● MATERIAL PROVIDED
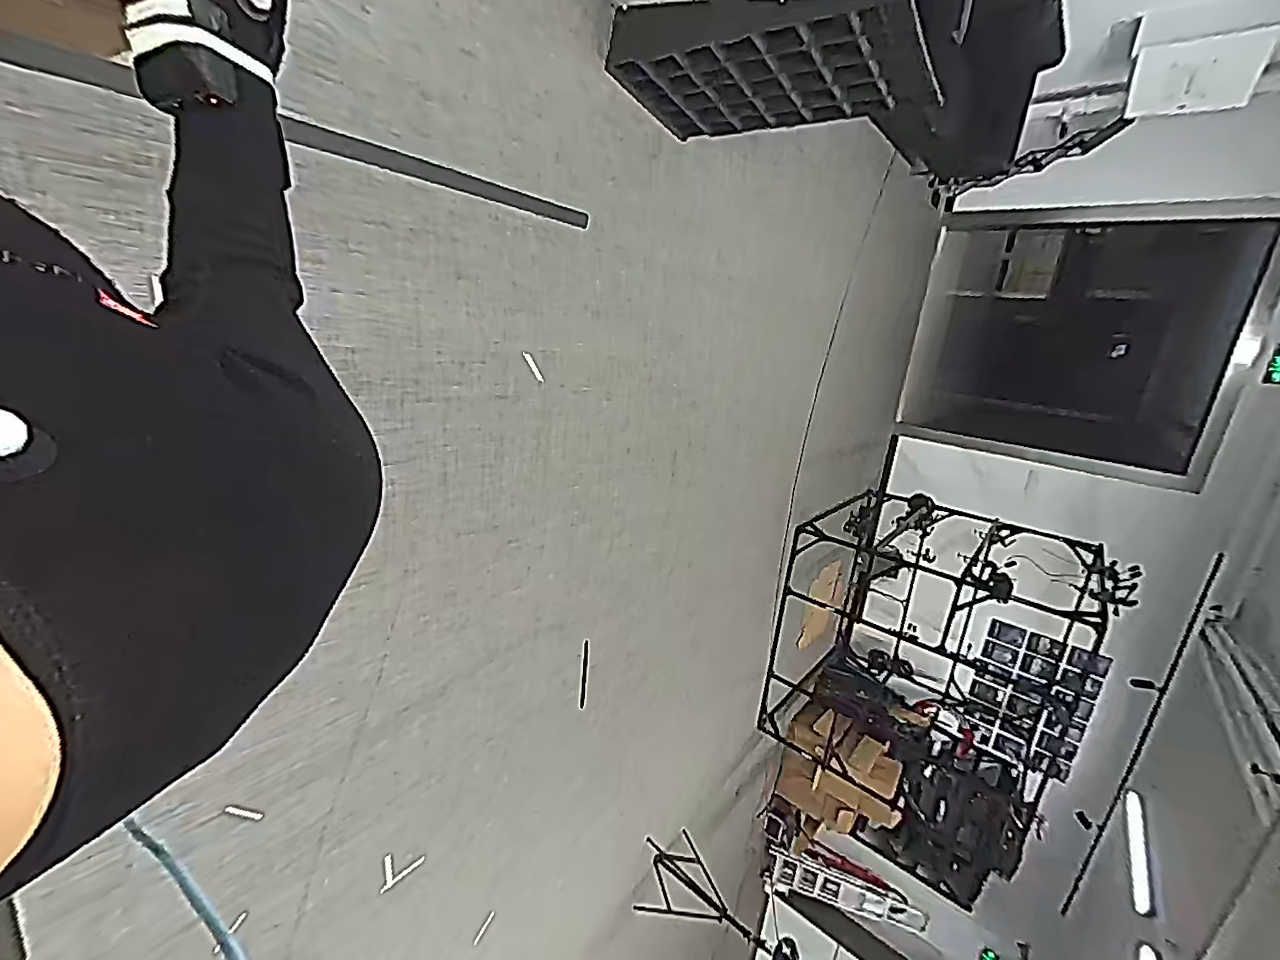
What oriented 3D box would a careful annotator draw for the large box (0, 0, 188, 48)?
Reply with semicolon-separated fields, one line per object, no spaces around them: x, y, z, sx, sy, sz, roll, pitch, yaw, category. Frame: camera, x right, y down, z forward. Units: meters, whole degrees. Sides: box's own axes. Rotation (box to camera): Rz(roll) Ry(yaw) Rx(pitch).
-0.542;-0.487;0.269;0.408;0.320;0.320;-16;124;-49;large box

● EXERCISE OBJECTIVE
Retype the listing exactly and drop the pictures.

● SOLUTION TO THIS PROBLEM
What oriented 3D box would a careful annotator draw for the large box (0, 0, 188, 48)?
Reply with semicolon-separated fields, one line per object, no spaces around them: x, y, z, sx, sy, sz, roll, pitch, yaw, category. Frame: camera, x right, y down, z forward. Units: meters, whole degrees. Sides: box's own axes. Rotation (box to camera): Rz(roll) Ry(yaw) Rx(pitch).
-0.542;-0.487;0.269;0.408;0.320;0.320;-16;124;-49;large box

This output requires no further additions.